Tyvek Sleeping Bag Cover From Tera Rosa Gear
Tyvek Sleeping Bag Cover From Terra Rosa Gear

The problem with bivy sacks and sleeping bag/quilt covers is that they’re often fairly expensive, especially ultralight ones that weigh under 6 ounces, and you can expect to pay anywhere from $100 up to $300 depending on the materials used.

But Terra Rosa Gear (TRG) from Australia has busted that price barrier with a sleeping bag/quilt cover cover made out of a soft grade of Tyvek called 1443r, which is a breathable, waterproof fabric with a very soft hand that feels like silk. It’s amazing stuff and doesn’t feel like house wrap at all.

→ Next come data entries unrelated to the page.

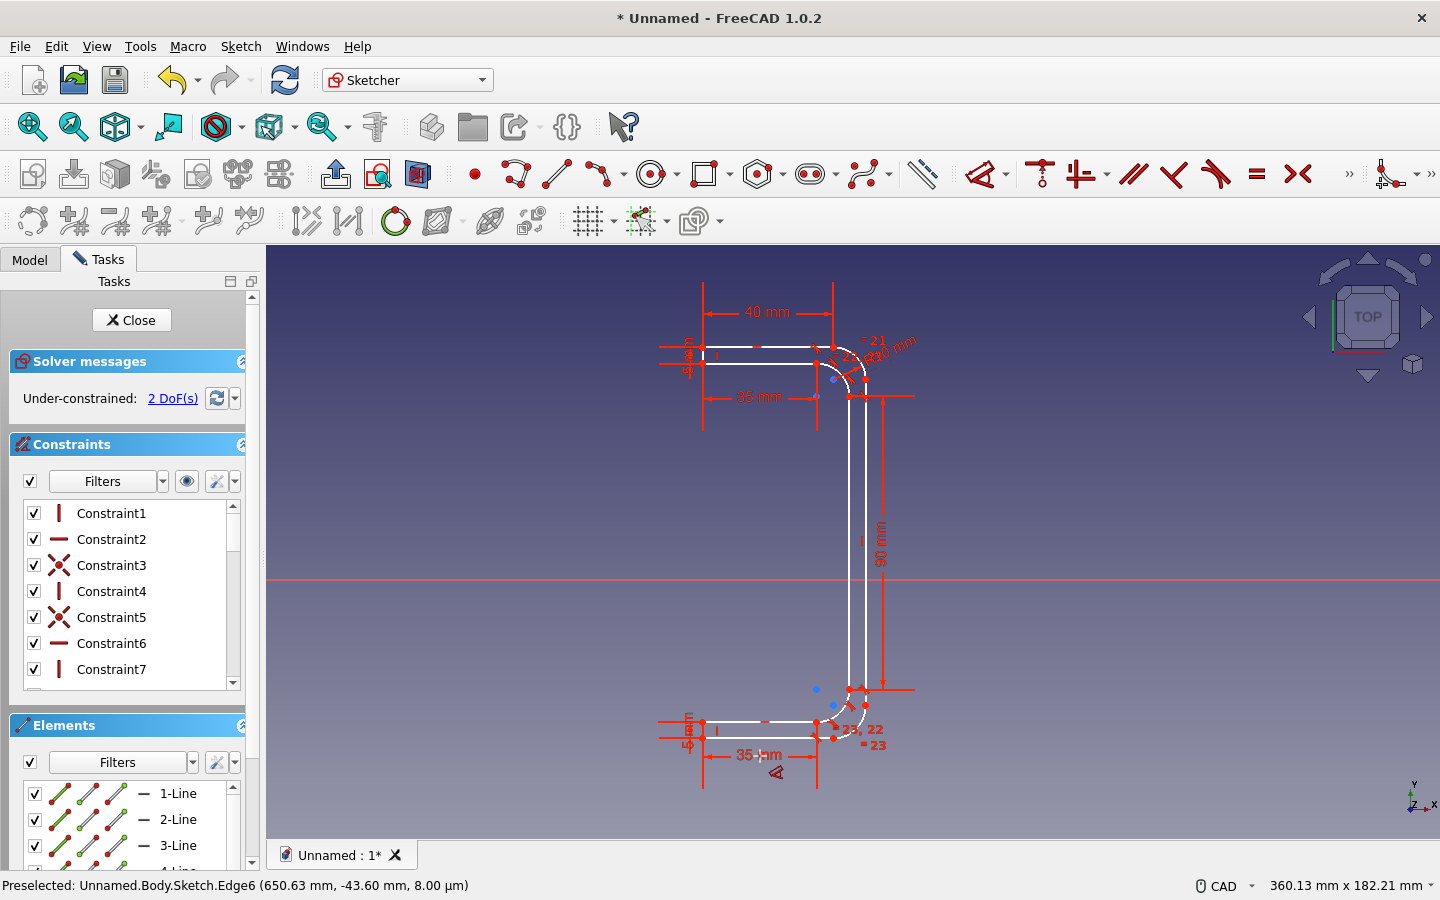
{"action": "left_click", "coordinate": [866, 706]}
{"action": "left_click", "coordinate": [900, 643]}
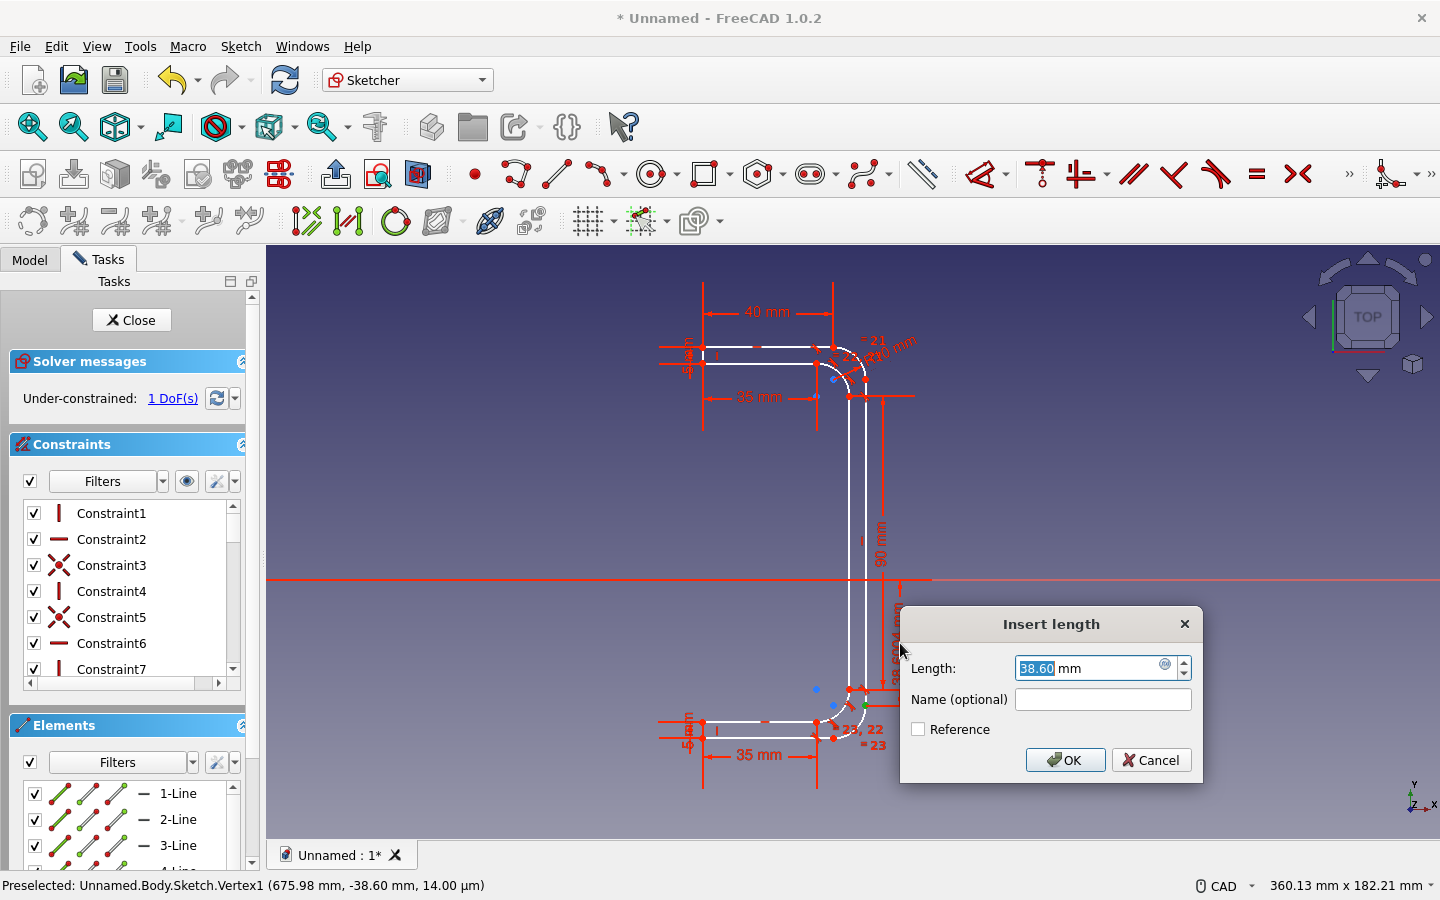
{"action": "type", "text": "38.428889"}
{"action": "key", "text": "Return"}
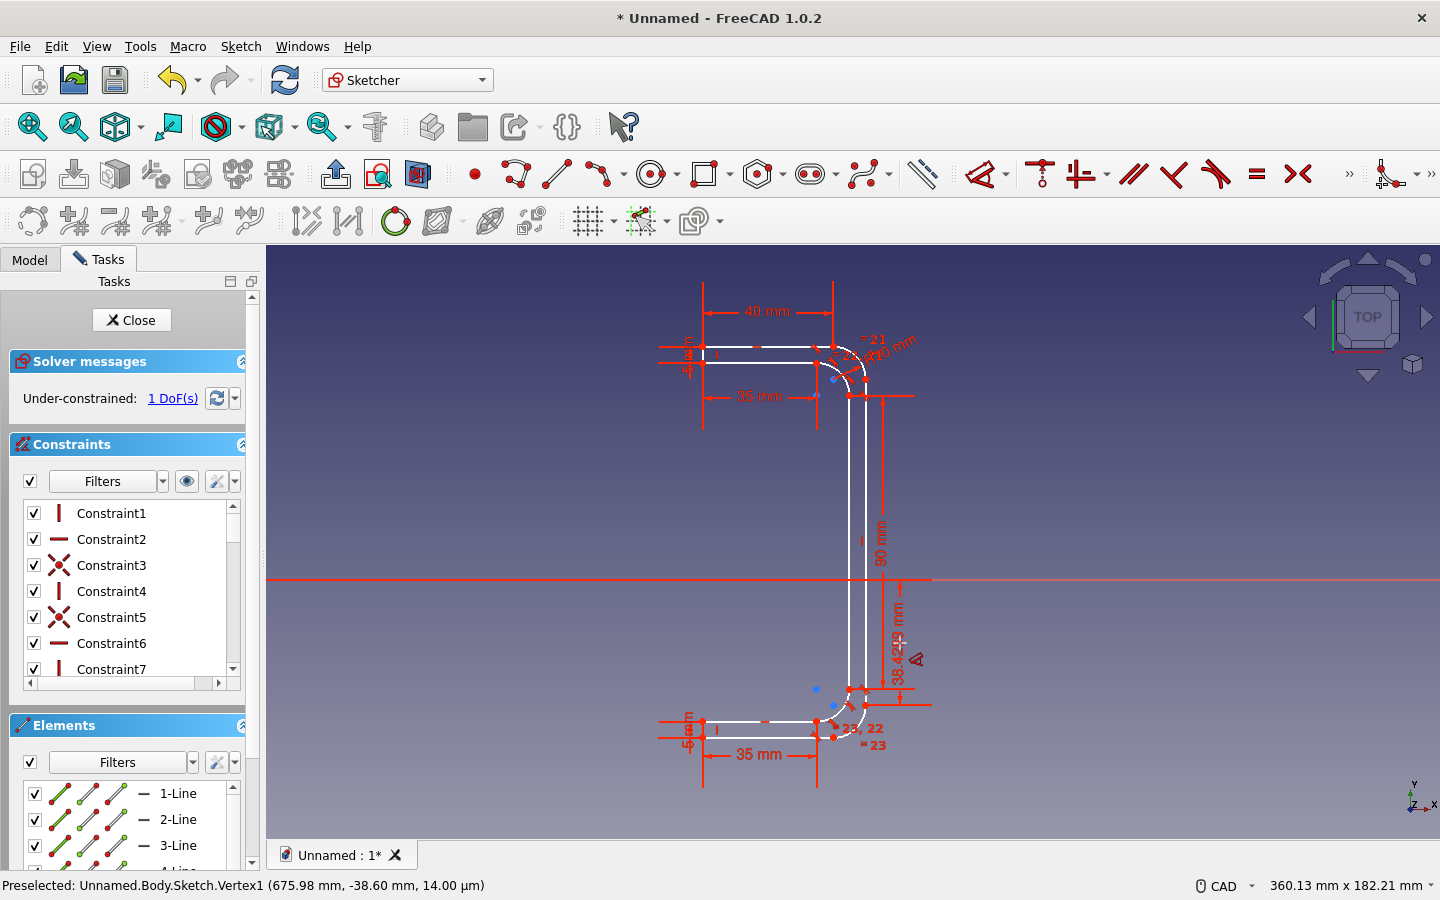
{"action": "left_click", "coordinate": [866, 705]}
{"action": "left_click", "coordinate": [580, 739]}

Weighing, a miserly 5.2 ounces (150 grams), the TRG sleeping bag cover only costs $55 AUD or $57 USD, making it quite affordable.  Couple this with the $50 TRG Tyvek Tarp I reviewed last week, and you’ve got the makings of a very functional UL shelter system.

Recommended Use

The Terra Rosa Gear sleeping bag / quilt cover is not intended to be a standalone shelter like a bivy sack. It really is just a sleeping bag cover and not a full-on bivy with a mummy hood.

Dimensions:

  • (72.8 inches) 185 cm in length
  • (33.5 inches) 85 cm width at head
  • (19.7 inches) 50 cm width at the footbox
  • (11.8 inches) 30 cm deep in footbox

Size-wise, the bag is big enough to fit an inflatable  sleeping pad and a 20 degree puffy down sleeping bag, without compressing it, and long enough that the top comes up to the top of one’s chest.  This is perfectly adequate to prevent rain splatter or splashback from wetting the outside shell of your sleep system if you are sleeping under a tarp, and will even add a few degrees to your sleep system.

A Tyvek Room with a View
A Tyvek Room with a View

Construction

The TRG sleeping bag cover has two double stitched seams running down to the footbox, which is constructed separately, and sewn to the top half of the bag. The seams are not taped, but can be seam sealed if you want to make the sleeping bag cover a little more weatherproof. I didn’t do this because I plan to raffle the sleeping bag cover off in the coming weeks, and instead slept on a thin sheet of plastic.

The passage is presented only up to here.